# Create a semi-synthetic dataset
From an existing dataset, create the target by using a fixed size random sub sample of covariates and taking the predictions of a decision tree on the real output. Sample with the predicted class probabilities in classification or add gaussian noise with variance equal to the variance of the samples in each leaf in regression.

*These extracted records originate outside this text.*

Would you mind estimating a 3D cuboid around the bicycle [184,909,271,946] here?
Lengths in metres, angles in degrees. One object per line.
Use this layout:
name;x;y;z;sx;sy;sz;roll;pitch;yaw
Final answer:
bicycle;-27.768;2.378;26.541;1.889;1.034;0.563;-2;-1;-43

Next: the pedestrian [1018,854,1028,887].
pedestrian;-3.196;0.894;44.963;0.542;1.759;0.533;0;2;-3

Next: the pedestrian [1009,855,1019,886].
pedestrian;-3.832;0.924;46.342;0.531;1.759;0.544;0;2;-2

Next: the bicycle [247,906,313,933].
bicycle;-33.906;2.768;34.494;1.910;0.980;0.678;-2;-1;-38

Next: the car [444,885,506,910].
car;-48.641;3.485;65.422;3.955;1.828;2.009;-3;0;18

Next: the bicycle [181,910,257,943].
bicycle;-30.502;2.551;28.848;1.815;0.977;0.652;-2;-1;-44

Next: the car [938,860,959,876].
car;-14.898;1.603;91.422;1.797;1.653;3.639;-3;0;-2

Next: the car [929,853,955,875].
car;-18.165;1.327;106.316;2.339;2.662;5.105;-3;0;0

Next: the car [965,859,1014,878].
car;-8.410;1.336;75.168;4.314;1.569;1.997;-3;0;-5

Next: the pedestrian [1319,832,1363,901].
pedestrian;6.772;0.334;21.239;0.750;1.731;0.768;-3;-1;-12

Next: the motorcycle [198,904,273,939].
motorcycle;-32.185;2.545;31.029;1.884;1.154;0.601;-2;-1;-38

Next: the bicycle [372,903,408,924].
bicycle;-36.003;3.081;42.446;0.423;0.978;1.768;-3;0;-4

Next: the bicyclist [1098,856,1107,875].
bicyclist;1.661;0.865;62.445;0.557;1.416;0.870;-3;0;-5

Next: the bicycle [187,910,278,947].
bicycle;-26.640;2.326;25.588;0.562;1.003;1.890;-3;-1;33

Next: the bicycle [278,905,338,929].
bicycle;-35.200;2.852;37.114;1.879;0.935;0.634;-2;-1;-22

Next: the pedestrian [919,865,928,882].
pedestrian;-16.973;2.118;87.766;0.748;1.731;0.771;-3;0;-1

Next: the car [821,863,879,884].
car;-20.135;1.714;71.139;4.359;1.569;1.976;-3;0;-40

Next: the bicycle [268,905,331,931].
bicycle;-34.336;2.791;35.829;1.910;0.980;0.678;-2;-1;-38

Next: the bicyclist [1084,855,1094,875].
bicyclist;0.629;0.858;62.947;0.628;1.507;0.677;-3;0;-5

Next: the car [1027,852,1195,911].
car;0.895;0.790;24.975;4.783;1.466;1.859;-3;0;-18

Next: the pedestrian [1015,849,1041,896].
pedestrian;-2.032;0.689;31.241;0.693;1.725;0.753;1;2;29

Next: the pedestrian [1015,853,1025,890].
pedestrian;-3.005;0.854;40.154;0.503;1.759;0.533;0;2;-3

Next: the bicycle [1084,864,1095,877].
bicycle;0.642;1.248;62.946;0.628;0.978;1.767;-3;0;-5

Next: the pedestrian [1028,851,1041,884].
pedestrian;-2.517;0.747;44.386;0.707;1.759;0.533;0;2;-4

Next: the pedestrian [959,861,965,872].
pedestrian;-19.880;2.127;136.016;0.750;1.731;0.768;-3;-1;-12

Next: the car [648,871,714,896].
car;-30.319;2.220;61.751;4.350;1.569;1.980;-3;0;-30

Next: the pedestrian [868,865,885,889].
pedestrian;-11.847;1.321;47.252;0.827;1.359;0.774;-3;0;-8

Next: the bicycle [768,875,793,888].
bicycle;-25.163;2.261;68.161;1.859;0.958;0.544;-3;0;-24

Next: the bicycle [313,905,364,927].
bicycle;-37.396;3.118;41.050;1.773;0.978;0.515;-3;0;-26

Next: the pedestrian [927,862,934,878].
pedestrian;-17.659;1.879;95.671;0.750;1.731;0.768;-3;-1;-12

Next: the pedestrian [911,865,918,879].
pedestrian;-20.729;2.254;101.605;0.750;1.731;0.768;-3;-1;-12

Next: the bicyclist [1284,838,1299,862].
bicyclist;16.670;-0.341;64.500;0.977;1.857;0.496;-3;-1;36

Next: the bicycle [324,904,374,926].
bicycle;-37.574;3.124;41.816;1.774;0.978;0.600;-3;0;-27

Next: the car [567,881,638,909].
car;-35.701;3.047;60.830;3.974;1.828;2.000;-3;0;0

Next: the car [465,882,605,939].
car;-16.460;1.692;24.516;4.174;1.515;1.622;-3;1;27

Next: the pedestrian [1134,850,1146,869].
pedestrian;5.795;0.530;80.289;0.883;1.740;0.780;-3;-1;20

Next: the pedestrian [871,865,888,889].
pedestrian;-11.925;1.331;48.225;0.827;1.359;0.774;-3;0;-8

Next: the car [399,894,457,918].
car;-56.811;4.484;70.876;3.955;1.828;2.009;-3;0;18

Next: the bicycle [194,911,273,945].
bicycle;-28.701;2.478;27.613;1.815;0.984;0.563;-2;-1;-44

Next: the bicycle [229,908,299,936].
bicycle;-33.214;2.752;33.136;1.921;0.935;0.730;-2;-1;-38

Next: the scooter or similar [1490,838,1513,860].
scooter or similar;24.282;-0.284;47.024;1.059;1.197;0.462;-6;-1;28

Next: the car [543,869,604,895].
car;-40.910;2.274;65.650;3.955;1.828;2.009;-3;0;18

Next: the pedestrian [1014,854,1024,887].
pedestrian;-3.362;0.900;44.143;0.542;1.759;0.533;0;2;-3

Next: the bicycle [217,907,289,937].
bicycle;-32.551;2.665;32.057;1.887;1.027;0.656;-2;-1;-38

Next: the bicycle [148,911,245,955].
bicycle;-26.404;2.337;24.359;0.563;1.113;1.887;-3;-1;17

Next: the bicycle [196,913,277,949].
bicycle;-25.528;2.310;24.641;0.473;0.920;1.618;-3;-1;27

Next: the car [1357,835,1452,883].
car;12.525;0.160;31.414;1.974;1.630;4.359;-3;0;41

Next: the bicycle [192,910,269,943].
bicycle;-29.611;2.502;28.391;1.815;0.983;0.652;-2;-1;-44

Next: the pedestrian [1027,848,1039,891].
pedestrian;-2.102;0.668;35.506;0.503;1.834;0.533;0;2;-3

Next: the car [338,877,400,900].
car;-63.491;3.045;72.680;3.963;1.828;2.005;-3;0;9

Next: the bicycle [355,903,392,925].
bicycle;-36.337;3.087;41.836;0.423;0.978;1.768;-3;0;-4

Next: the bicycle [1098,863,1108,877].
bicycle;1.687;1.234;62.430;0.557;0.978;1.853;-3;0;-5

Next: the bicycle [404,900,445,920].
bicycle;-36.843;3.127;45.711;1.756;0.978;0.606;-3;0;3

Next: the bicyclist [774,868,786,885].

We can permute the unimportant features to avoid conditional dependancies.

In [14]:
import numpy as np

from sklearn.tree import DecisionTreeClassifier, DecisionTreeRegressor
from sklearn.utils import check_random_state


def generate_semi_synth_dataset(
    X, y, is_classification, n_important, random_seed, permute=False
):
    rng = check_random_state(random_seed)
    n_samples, n_feature = X.shape
    assert n_feature >= n_important
    important_feature_indices = rng.choice(n_feature, size=n_important, replace=False)
    unimportant_feature_indices = np.setdiff1d(
        np.arange(n_feature), important_feature_indices
    )
    if is_classification:
        tree_model = DecisionTreeClassifier(min_samples_leaf=10, random_state=rng)
        tree_model.fit(X[:, important_feature_indices], y)
        output_leaves = tree_model.apply(X[:, important_feature_indices])
        y_new = np.array(
            [
                rng.multinomial(1, p).argmax()
                for p in tree_model.tree_.value[output_leaves].squeeze()
            ]
        )
        X_new = X.copy()
        if permute:
            X_new[unimportant_feature_indices] = rng.permutation(
                X_new[unimportant_feature_indices]
            )
    else:
        tree_model = DecisionTreeRegressor(min_samples_leaf=10, random_state=rng)
        tree_model.fit(X[:, important_feature_indices], y)
        output_leaves = tree_model.apply(X[:, important_feature_indices])
        y_new = np.array(
            [
                rng.normal(
                    mu,
                    np.sqrt(
                        np.var(y[tree_model.tree_.value[output_leaves].squeeze() == mu])
                    ),
                )
                for mu in tree_model.tree_.value[output_leaves].squeeze()
            ]
        )
        X_new = X.copy()
        if permute:
            X_new[unimportant_feature_indices] = rng.permutation(
                X_new[unimportant_feature_indices]
            )
    return X_new, y_new, important_feature_indices


In [15]:
from sklearn.datasets import make_classification
from sklearn.ensemble import RandomForestClassifier
X, y = make_classification(random_state=0, n_samples=100, n_features=5)
X, y_new, indices = generate_semi_synth_dataset(X, y, is_classification=True, n_important=2, random_seed=0, permute=True)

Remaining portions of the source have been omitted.